By Betsy Cribb
National and local law enforcement officials support gun ownership for most, but not all, citizens.
Many are concerned that people with mental health problems can get their hands on guns – and that there are few public resources to address that issue.
Lexington Police Chief Al Thomas said he believes there is a connection between gun violence and mental health issues.
“If you look at the violence that our nation has been faced with recently, the majority of violators have some type of mental health disorder,” Thomas said. “I think that’s where we need to expand our attention.”
Thomas said proper mental health treatment could have possibly prevented the mass shootings last year at Sandy Hook Elementary School in Newtown, Conn., and at a movie theater in Aurora, Colo.
Virginia Tech University shooter Seung-Hui Cho also had a history of mental health issues.
Washington and Lee University campus psychiatrist Kirk Luder said mental illness is treated in two ways: medication and psychosocial rehab, which helps individuals develop coping strategies.
But Luder said there isn’t sufficient public money to provide all individuals with the mental health treatment they need.
“With every legislation, funding [has been] trimmed back,” Luder said. “Funding has dried up.”
Rockbridge Area Community Services is one mental health treatment provider that has had to cut corners when providing treatment, Luder said.
Rockbridge Sheriff Chris Blalock said he worries about this decrease in mental health treatment and that people with mental illness can access guns—guns that he believes Americans do have the constitutional right to own.
“It’s a balancing act between the right to own guns and keeping those guns out of the hands that shouldn’t have them,” Blalock said.
Sandy Hook shooter Adam Lanza used a gun that his mother legally owned and two more to kill 27 people and himself.

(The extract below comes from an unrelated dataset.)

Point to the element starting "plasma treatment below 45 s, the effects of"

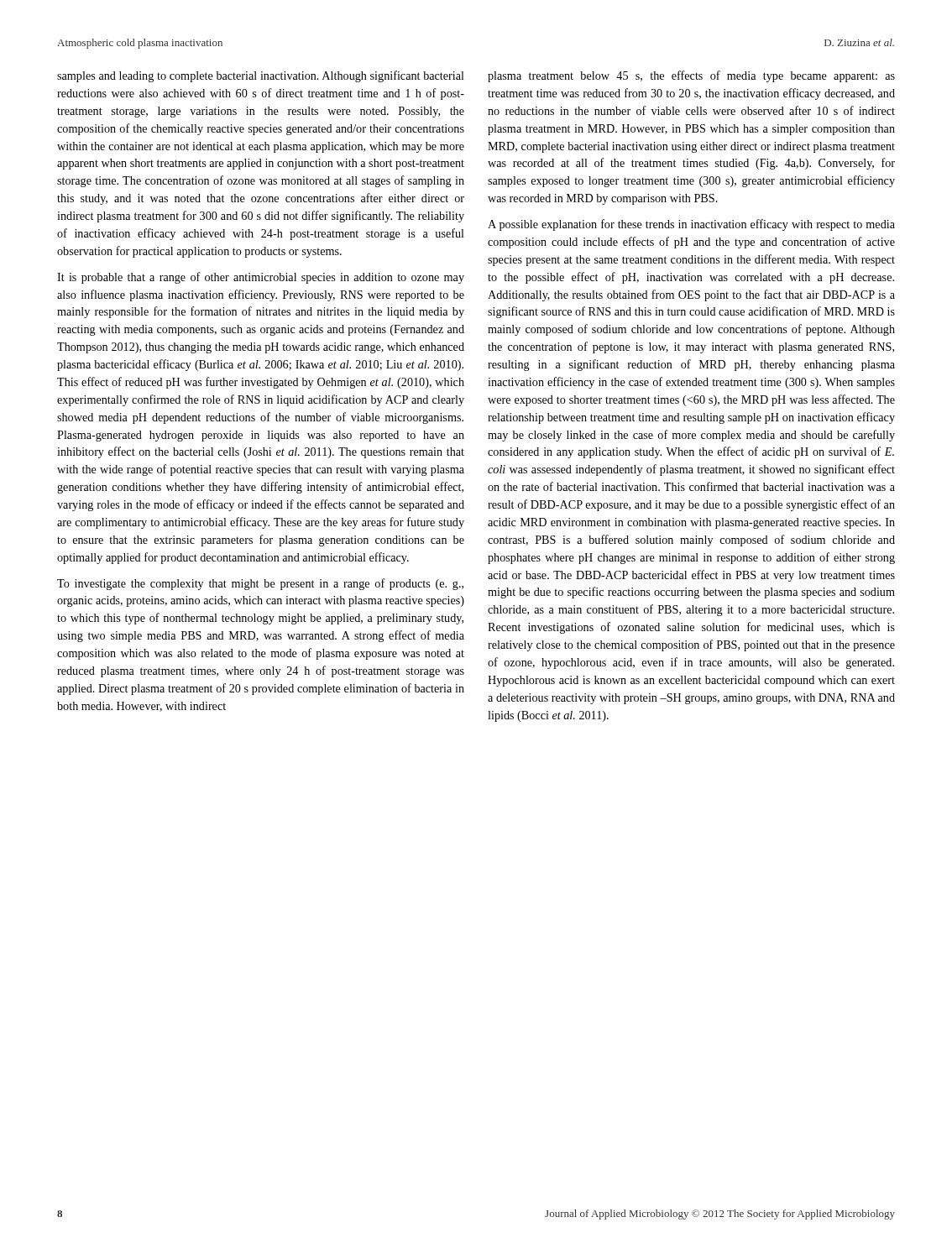(x=691, y=137)
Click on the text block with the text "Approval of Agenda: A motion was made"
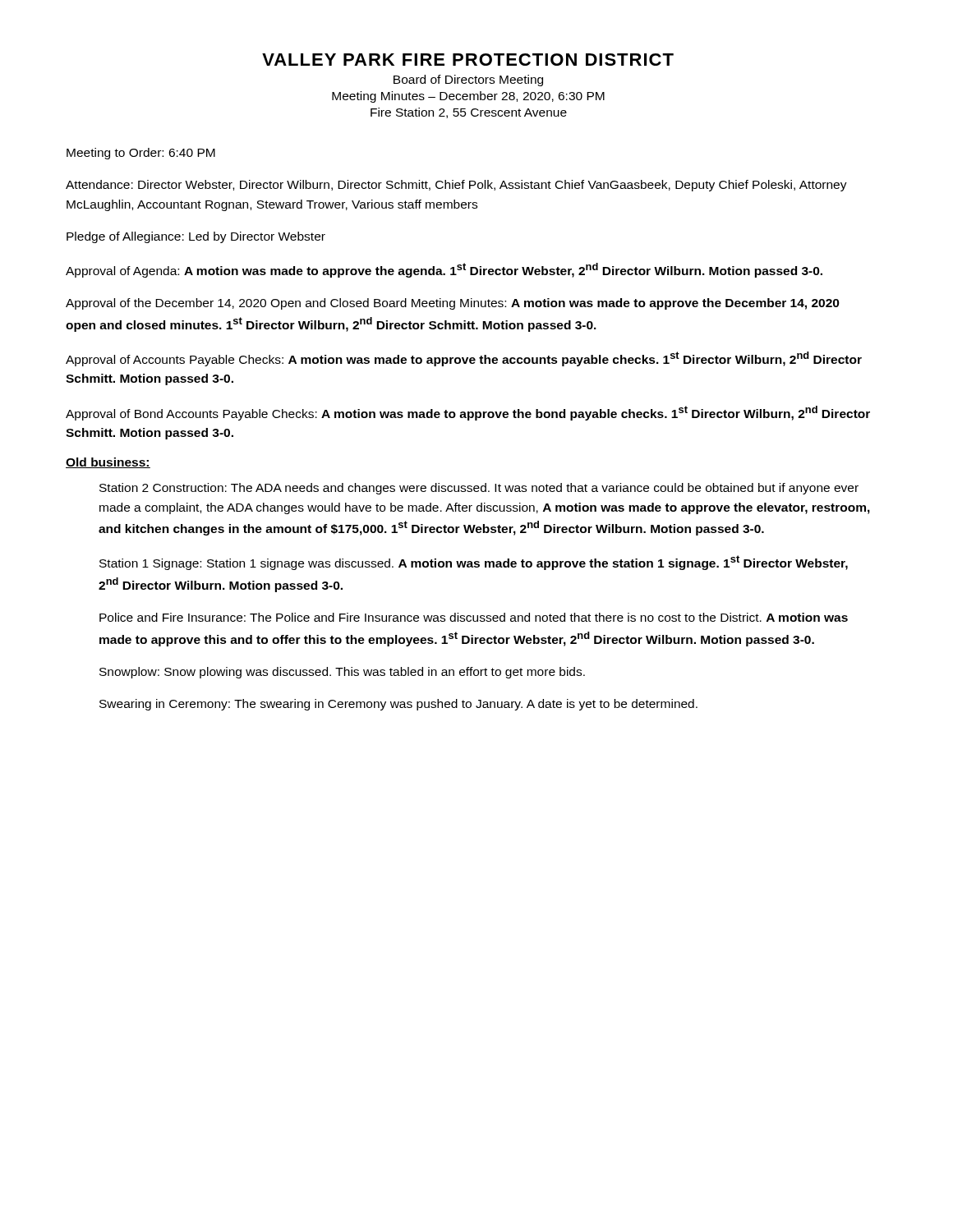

One assault weapon was a semiautomatic Bushmaster .223 military-style rifle.
“I hate for those [police officers] to go out and to have to face these assault weapons,” Blalock said. “The people they’re dealing with are better armed than they are.”
Thomas said some people shouldn’t own guns, but taking away citizens’ Second Amendment rights in rural Virginia is out of the question.
“The rich tradition of father-son and father-daughter to go out and go hunting and dads teaching their kids about weapons and safety … that’s almost sacred in some parts of the country,” Thomas said.
Law enforcement officials addressed gun control recently at the National Sheriffs’ Association’s winter conference in Washington, D.C.
Held from Jan. 28 to Feb. 2, the conference brought together sheriffs from across the nation for workshops, seminars and training.
During the conference, the association released a statement on gun control in support of Second Amendment rights and called for improved mental health treatment.
Information also from the Associated Press.